Не соответствует действительности данная также без ссылок на источники информация о том, что В.М. Волин в 1917 году «принял большевистский переворот в октябре»(4). Во-первых, организация, одним из лидеров которой был Волин, «Петроградский Союз анархо-синдикалистской пропаганды», в своей резолюции от 20 октября 1917 г. «О так называемом выступлении» однозначно заявила о своем отрицательном отношении к готовящемуся перевороту как к политическому выступлению, организованному политической партией. Участие в восстании допускалось лишь в том случае, если это будет «выступление масс» и лишь при том условии, что анархо-синдикалисты попытаются «внести в него наше содержание, нашу идею, нашу истину»(5). Во-вторых, в том же номере газеты такое же отношение к октябрьскому перевороту выразил и сам В.М. Волин в статье «Конец ли это?», где давал оценку идее власти Советов(6). Очевидно, что приписывать Волину поддержку большевистского переворота, как минимум, странно. Нельзя сделать такие выводы и из более поздних статей, публиковавшихся в газете «Голос труда», одним из редакторов которой был и Волин, почти без сокращения цитировавший многие из них в своей книге «Неизвестная революция».
Некоторые неточности, вероятно, происходят от снисходительного отношения автора к анархизму (в момент работы над книгой о Махно автор, безусловно относится к сторонникам капиталистьной идеологии). Анархисты, мол, это все сплошь мечтатели и утописты, а их взгляды – пережиток молодости. А иначе как еще объяснить такой пассаж: «Не случайно автором одного из наиболее крупных русских утопических манифестов стал “апостол анархии” – князь П.А. Кропоткин. Сегодня, читая его доклад об идеале будущего строя, с которым он выступил на заседании кружка “чайковцев” в 1873 году, понимаешь, что такой идеал мог вызреть только в голове революционера молодого, сравнительно мало еще искушенного в науках, не побывавшего ни разу в Европе и к тому же добровольно принявшего идеалы и даже предрассудки экономически очень мало развитого народа за идеалы будущего строя. … Оказавшись потом во Франции и Англии, занявшись всерьез историей и социологией, Кропоткин никогда более не возвращался к политическим крайностям своего трактата, а после Октября и подавно – некоторые свои политические императивы (например, равенство в праве на труд и в труде, в способах образования, в общественных правах и обязанностях) пытался из политической плоскости перевести в план, так сказать, моральный»(7). В голове капиталиста такие понятия, как, с одной стороны, автор «утопических» социальных проектов в духе анархизма, а с другой – ученый с мировым именем и человек с колоссальным жизненным опытом – вещи, по определению противоположные. И уж тем более не укладывается в голову капиталистьного писателя мысль, что анархистом и вообще убежденным социалистом и революционером, можно стать после поездки в Европу, наглядевшись на европейские реалии. Конечно, Европа – это рай земной, великое вечное царство демократии, прав человека и всеспасающей рыночной экономики. И вернувшись из нее, можно стать разве что контрреволюционером, убежденным капиталистом. Конечно, человек, который жил, подобно Голованову в СССР, и был критически настроен по отношению к советским порядкам, в 70-е или 80-е, наверное, так и думал. Но вот Кропоткин жил лет на сто пораньше, уж извините!

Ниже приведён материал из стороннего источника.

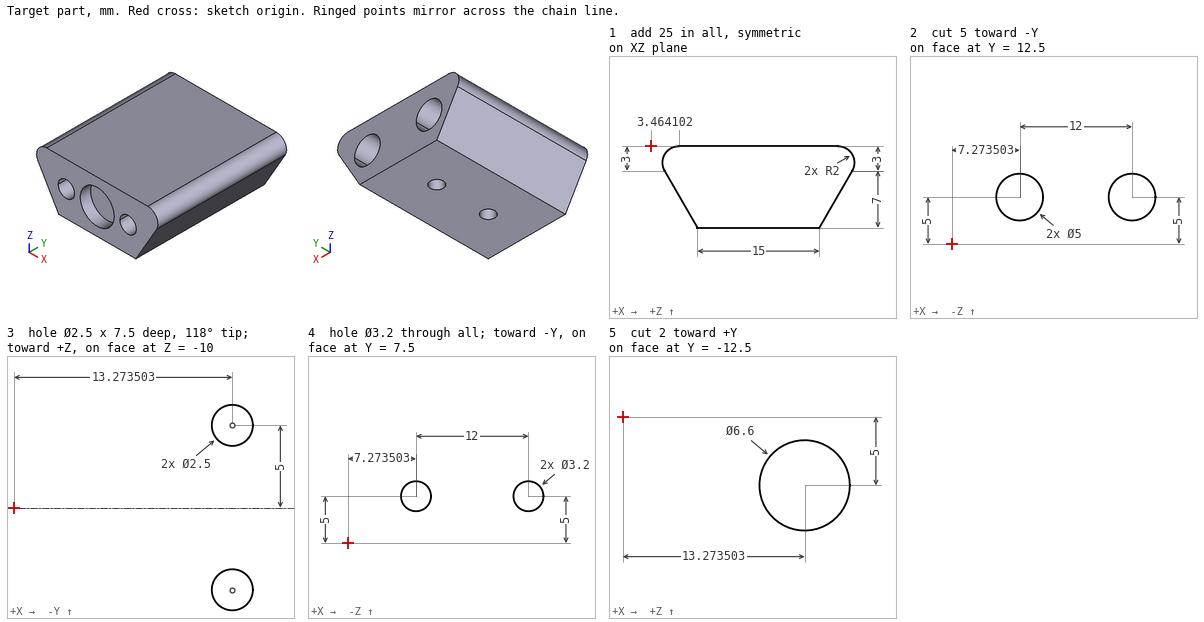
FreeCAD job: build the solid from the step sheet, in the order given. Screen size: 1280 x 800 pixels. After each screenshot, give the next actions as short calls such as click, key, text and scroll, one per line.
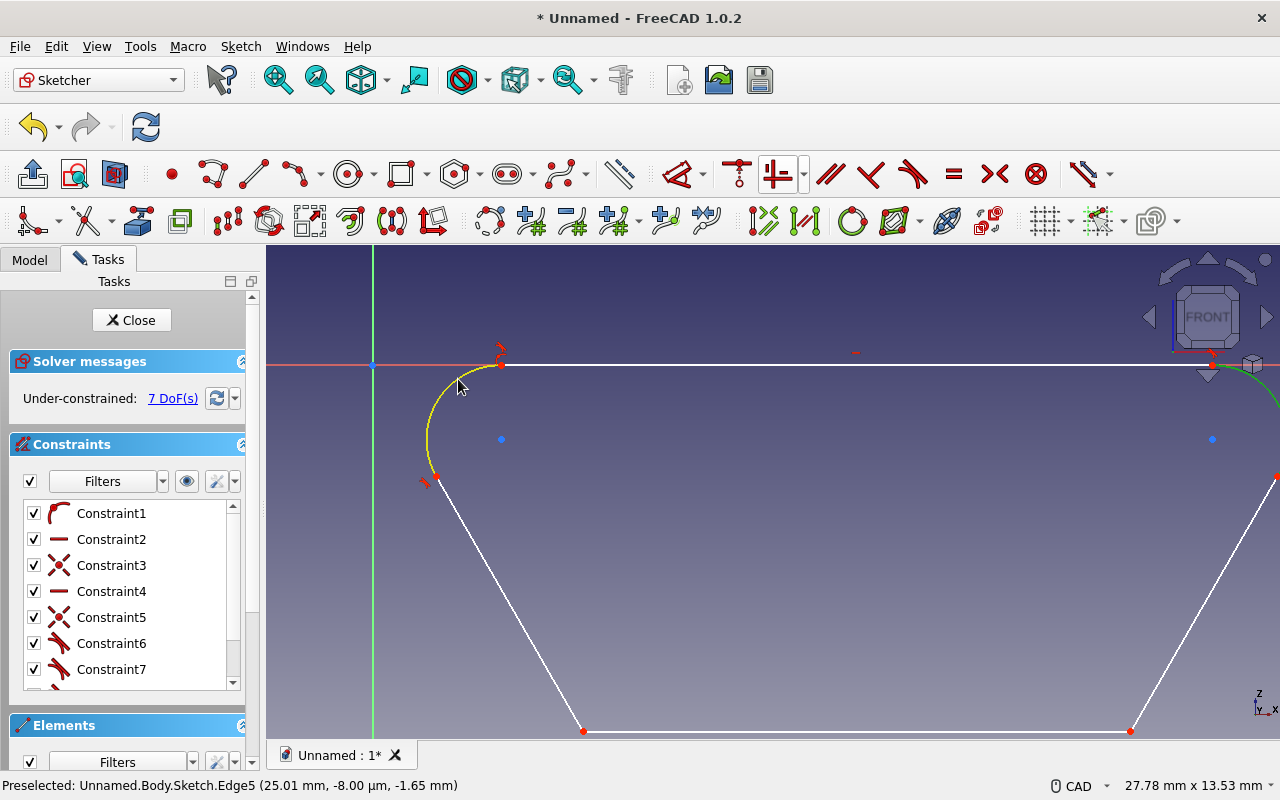
click(457, 379)

На практике картина жизни и идейной эволюции Кропоткина выглядит совершенно иначе, чем ее изображает Голованов. Во-первых, напомним, что анархистские убеждения сформировались у Кропоткина окончательно именно во время его поездки за границу, в Швейцарию, в феврале – мае 1872 года. Затем, в июне-июле этого же года состоялась поездка Кропоткина в Бельгию. «Записка», на которую ссылается Голованов, написана во второй половине ноября 1873 года, то есть непосредственно после первой поездки за границу. К тому же путешествие 1872 года была уже не первой поездкой Петра Алексеевича в Европу. Ведь еще в июле-сентябре 1871 года по заданию Русского географического общества (РГО) он выезжал для исследования следов древнего оледенения в Финляндию и Швецию.